REQUIRED WORK ::
Reproduce nothing but the lines from the one with "What's your best" down to the last line of the data below.

+++ EXCERPTED DATA

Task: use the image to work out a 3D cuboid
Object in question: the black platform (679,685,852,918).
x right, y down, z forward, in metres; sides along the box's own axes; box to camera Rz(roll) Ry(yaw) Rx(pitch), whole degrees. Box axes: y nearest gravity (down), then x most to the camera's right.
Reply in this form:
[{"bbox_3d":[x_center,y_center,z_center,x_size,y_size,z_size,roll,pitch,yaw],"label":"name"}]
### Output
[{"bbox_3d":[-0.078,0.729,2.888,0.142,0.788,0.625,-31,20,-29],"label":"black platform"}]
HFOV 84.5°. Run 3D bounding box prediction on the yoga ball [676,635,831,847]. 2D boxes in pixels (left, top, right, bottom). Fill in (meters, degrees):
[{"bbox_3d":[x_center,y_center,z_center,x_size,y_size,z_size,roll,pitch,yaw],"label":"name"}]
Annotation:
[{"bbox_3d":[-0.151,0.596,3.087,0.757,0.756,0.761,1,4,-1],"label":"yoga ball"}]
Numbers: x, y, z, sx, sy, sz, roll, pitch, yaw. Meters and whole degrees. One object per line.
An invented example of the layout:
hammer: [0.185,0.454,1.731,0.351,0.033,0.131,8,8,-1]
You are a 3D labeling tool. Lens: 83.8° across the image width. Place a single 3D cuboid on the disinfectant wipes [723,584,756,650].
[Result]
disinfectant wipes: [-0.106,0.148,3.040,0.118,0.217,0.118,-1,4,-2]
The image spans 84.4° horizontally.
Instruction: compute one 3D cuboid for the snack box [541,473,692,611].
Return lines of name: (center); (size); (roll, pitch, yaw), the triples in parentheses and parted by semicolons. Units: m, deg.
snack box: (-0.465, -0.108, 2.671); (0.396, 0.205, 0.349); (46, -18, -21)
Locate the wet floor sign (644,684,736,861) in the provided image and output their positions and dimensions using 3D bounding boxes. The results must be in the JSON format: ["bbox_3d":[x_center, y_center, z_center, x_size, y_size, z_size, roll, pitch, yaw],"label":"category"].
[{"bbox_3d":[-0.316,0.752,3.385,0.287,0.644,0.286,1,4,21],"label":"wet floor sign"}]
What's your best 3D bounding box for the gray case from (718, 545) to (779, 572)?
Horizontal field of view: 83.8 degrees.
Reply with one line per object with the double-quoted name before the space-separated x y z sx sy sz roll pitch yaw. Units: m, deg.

++++++

TASK RESPONSE ::
What's your best 3D bounding box for the gray case from (718, 545) to (779, 572)?
Horizontal field of view: 83.8 degrees.
Reply with one line per object with the double-quoted name before the space-separated x y z sx sy sz roll pitch yaw. Units: m, deg.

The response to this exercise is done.